Let's say I have a participant who performs a test and I am measuring EMG (multiple trials/epochs). This participant has to come in for multiple sessions and every time the EMG is measured. Now I want to find out if features that are found in EMG are informative for predicting the result of the test.
For every signal, I am therefore extracting multiple features which are then used for multiple linear regression to predict the score of the test. I want to compare the weights that are assigned to every feature to find out what features have the most influence on the prediction.
Now the problem is that for outlier rejection, I remove the data points that lie further than 3 standard deviations away from the mean, if the feature is Normally distributed. If the feature is not Normally distributed, I first use a transformation (Yeo-Johnson) to obtain a Normal distribution, and then use the same outlier removal technique. Can the weights then still be compared?

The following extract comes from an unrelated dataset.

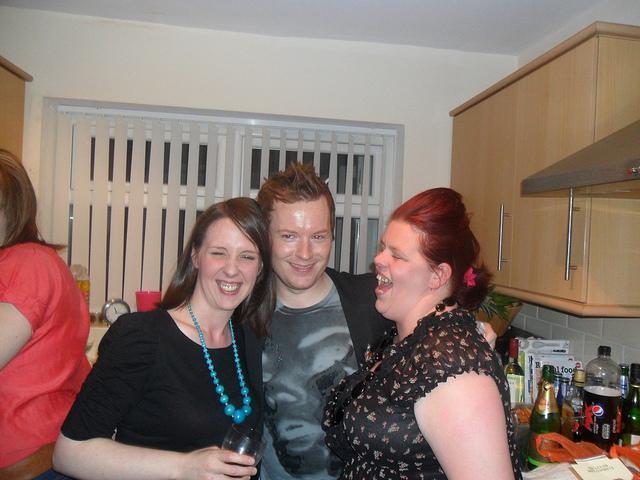How many people have red hair?
Give a very brief answer. 1. How many ladies are wearing a crown?
Give a very brief answer. 0. How many people are visible?
Give a very brief answer. 4. How many bottles are there?
Give a very brief answer. 2. 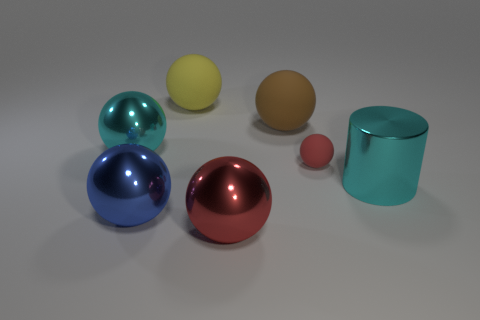Subtract all cyan shiny balls. How many balls are left? 5 Add 3 small yellow rubber spheres. How many objects exist? 10 Subtract all cylinders. How many objects are left? 6 Subtract all cyan shiny objects. Subtract all blue things. How many objects are left? 4 Add 7 tiny matte objects. How many tiny matte objects are left? 8 Add 2 yellow matte objects. How many yellow matte objects exist? 3 Subtract all brown balls. How many balls are left? 5 Subtract 0 green balls. How many objects are left? 7 Subtract all gray balls. Subtract all blue cylinders. How many balls are left? 6 Subtract all yellow cylinders. How many cyan balls are left? 1 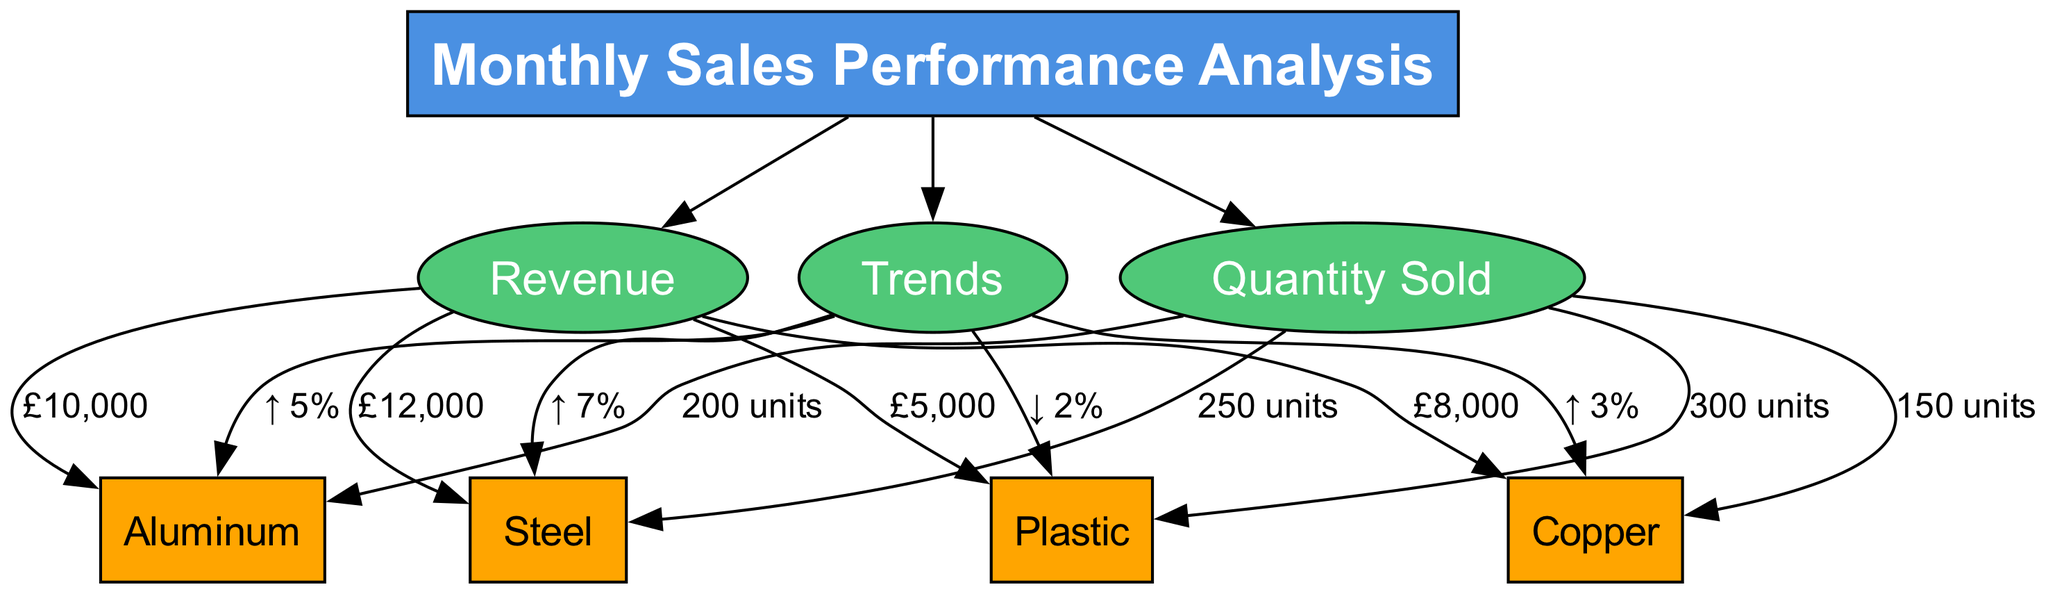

For e.g., feature C in EMG signal 1, the transformation does not have to be applied (because it is already Normally distributed). For feature C in EMG signal 2 is also does not have to be applied. But for feature C in EMG signal 3 the transformation is applied.
Then what is the influence on the regression weights for that feature? Am I still able to compare the weights for a feature if it was transformed in some signals, but not in others?
Or: could a method be to just use the transformation to find out what the outliers are, but not keep the transformed data?